**What you should do**
How many of the lines below hold "fundering"? Only the number, please.

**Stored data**
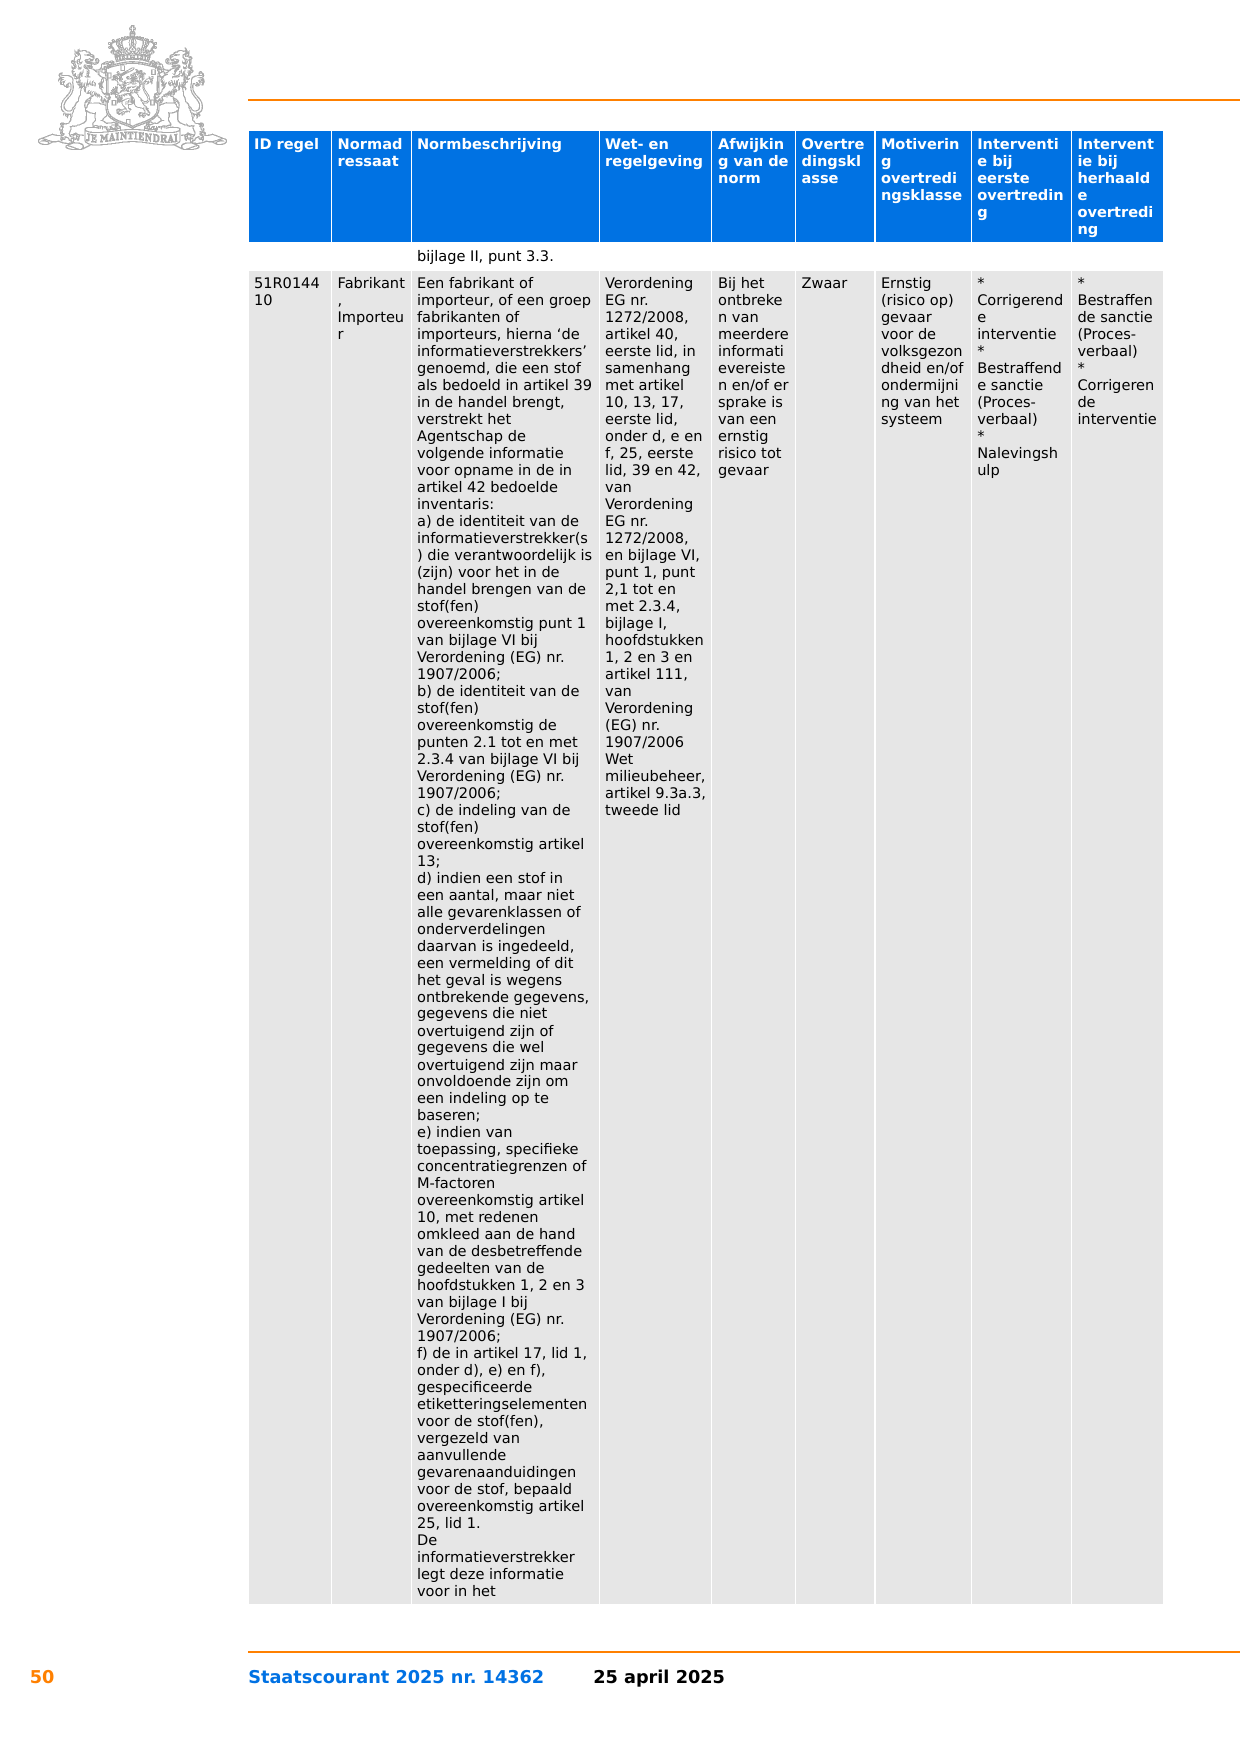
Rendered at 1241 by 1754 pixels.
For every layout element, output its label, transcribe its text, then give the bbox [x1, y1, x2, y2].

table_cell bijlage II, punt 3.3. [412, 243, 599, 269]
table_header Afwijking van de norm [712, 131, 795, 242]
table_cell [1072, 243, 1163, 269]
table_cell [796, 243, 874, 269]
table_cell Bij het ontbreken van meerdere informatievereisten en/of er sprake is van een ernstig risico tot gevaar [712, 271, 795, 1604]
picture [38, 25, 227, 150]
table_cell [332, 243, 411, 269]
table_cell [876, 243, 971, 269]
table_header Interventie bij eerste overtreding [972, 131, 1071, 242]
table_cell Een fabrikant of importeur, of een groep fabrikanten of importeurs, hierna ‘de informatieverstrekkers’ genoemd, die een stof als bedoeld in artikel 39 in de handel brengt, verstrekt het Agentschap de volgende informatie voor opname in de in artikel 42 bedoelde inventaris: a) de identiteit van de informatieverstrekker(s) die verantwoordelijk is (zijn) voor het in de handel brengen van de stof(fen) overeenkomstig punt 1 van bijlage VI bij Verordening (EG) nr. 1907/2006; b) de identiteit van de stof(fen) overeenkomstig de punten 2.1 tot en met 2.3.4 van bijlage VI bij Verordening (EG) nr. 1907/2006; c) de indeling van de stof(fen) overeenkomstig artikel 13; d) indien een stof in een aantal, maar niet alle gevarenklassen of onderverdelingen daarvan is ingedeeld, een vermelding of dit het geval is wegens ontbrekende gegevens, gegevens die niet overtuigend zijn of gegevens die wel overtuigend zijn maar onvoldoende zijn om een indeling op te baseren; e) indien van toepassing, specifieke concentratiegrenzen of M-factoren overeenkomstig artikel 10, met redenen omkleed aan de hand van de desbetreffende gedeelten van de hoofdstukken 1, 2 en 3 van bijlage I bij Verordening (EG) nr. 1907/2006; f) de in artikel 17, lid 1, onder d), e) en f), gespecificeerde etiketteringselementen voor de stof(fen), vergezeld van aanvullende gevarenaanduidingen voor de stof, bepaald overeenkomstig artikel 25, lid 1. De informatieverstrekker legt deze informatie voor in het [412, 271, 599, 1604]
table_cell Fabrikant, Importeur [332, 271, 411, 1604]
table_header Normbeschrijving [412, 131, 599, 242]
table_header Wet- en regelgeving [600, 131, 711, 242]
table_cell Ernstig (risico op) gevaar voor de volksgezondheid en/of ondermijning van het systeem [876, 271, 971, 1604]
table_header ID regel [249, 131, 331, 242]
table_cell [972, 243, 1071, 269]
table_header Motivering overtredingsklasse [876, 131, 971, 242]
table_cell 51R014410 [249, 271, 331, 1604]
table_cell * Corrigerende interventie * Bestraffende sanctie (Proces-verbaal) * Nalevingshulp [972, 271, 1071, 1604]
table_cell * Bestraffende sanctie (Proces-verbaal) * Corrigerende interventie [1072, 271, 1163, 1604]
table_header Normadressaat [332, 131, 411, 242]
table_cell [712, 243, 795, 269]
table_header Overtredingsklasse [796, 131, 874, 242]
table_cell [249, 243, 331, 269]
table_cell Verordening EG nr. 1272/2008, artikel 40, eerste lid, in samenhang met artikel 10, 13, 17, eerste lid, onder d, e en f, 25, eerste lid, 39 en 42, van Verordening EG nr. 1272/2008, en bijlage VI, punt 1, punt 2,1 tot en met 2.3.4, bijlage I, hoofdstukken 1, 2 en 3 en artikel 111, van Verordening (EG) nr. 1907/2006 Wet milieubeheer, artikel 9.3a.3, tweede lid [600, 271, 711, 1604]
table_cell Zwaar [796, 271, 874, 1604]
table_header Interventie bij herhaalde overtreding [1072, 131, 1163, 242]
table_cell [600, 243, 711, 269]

...

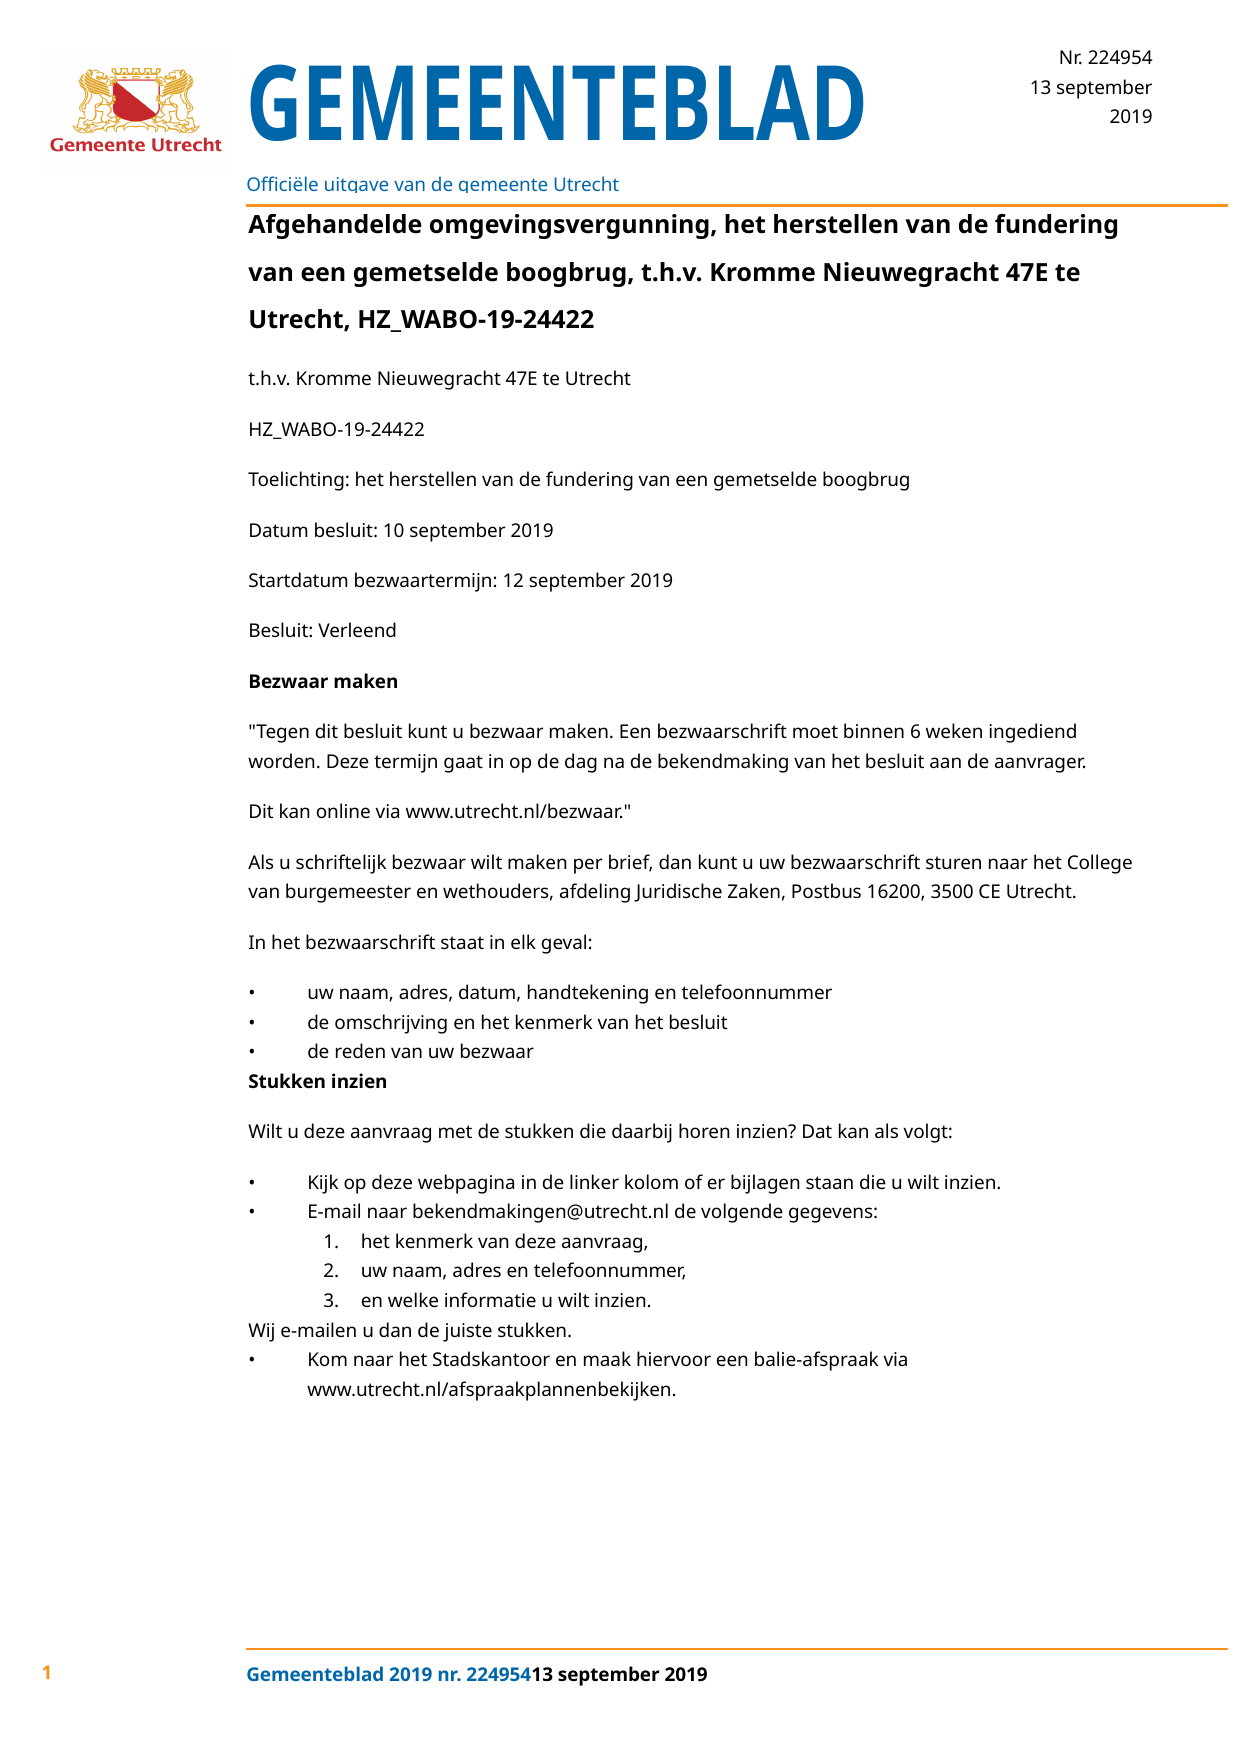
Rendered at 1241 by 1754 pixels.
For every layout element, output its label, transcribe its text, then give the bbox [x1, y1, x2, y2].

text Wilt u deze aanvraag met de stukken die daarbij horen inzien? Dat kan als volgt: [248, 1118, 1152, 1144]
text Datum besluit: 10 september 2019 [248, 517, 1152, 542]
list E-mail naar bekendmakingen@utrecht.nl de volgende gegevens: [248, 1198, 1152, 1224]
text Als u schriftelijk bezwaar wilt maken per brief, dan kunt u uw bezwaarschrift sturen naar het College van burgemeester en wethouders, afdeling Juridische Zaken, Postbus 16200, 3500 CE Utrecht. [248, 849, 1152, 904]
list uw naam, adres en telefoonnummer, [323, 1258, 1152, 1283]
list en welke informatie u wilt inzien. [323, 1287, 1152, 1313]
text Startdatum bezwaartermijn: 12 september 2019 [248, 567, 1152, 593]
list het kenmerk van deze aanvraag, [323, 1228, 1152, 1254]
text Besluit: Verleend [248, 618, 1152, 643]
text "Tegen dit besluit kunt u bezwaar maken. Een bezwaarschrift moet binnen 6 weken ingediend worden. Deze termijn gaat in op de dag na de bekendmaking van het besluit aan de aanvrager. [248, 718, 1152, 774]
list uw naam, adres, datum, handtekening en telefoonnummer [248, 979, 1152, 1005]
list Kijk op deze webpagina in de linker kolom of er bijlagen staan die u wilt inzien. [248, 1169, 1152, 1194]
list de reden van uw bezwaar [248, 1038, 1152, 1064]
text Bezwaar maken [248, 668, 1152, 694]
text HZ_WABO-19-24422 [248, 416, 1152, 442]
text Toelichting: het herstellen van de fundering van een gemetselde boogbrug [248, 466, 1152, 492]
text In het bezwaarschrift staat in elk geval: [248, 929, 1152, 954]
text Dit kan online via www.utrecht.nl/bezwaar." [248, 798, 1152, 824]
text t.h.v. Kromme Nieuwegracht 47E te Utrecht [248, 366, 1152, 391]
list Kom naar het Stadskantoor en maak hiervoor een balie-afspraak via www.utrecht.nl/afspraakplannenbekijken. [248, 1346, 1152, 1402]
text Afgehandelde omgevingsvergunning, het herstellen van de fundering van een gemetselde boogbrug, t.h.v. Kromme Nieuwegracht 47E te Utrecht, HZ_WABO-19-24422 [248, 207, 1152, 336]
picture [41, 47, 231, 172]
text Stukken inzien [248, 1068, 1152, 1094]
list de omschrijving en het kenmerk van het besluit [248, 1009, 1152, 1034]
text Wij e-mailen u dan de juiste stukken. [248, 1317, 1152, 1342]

==

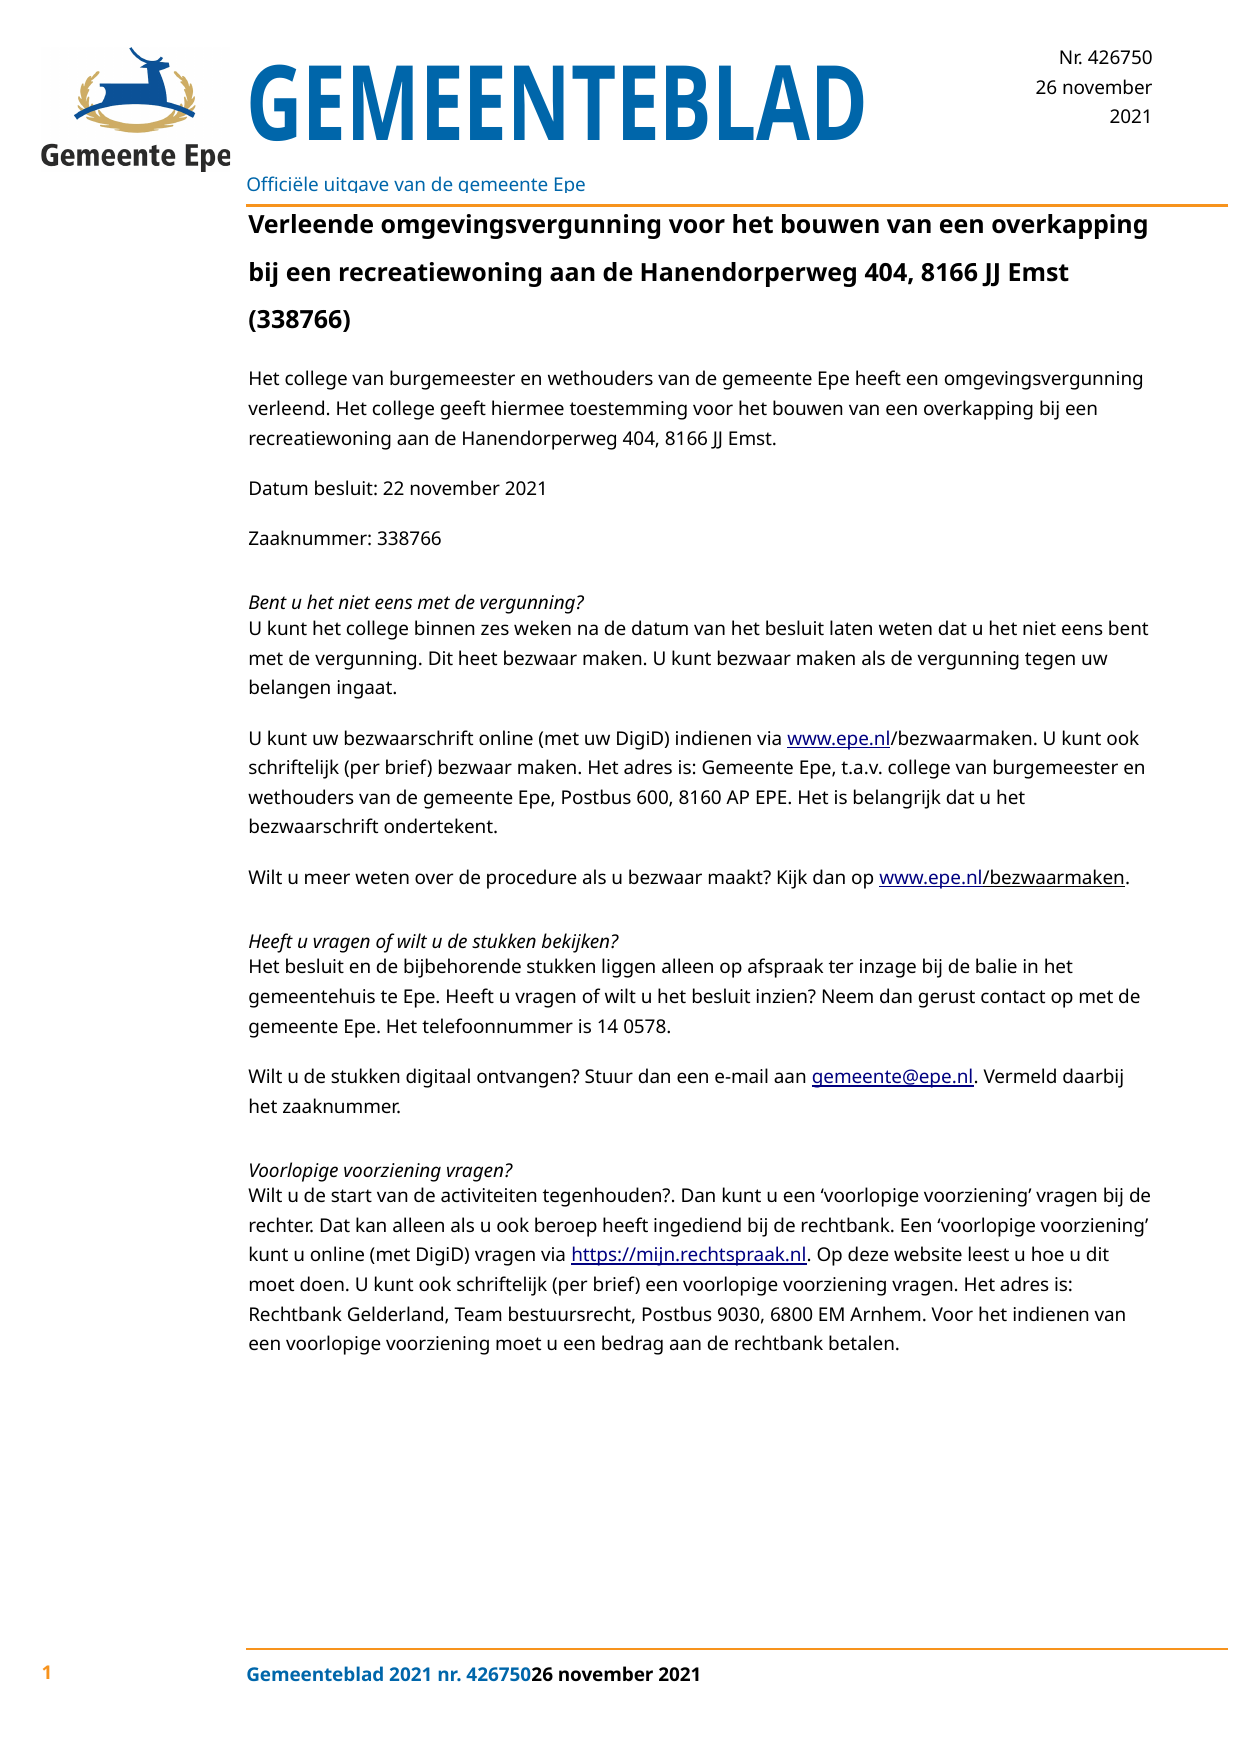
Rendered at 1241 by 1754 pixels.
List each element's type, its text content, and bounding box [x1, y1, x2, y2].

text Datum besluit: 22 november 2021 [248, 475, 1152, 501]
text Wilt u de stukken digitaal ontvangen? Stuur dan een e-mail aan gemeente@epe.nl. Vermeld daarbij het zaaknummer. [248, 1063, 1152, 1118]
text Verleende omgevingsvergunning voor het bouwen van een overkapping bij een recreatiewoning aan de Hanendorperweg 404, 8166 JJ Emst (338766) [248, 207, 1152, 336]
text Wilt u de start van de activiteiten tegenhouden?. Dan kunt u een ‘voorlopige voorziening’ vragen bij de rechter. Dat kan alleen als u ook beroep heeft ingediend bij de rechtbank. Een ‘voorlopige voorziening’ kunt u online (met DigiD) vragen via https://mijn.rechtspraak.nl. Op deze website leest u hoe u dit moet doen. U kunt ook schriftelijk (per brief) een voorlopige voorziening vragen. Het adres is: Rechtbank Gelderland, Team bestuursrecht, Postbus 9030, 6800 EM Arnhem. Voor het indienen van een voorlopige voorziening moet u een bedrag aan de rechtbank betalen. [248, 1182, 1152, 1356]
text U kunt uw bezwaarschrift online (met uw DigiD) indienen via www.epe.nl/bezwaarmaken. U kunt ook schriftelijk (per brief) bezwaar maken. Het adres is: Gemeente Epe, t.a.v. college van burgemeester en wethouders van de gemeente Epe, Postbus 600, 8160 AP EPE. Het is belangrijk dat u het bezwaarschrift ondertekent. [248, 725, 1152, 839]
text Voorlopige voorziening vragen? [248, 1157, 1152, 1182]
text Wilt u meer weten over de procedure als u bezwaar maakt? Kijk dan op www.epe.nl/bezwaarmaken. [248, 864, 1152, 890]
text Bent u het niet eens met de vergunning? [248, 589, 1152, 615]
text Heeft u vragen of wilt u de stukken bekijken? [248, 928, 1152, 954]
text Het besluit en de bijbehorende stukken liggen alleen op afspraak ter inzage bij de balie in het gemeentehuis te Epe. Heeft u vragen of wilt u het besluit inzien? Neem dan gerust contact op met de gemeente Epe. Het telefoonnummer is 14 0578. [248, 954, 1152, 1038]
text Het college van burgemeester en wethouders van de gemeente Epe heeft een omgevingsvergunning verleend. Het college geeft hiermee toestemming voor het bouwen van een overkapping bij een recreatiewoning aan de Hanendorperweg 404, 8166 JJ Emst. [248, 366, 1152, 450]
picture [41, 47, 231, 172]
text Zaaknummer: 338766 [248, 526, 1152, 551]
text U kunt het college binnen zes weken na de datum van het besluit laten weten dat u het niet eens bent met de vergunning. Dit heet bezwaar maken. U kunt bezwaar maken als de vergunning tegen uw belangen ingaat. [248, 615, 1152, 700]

**The completed task**
2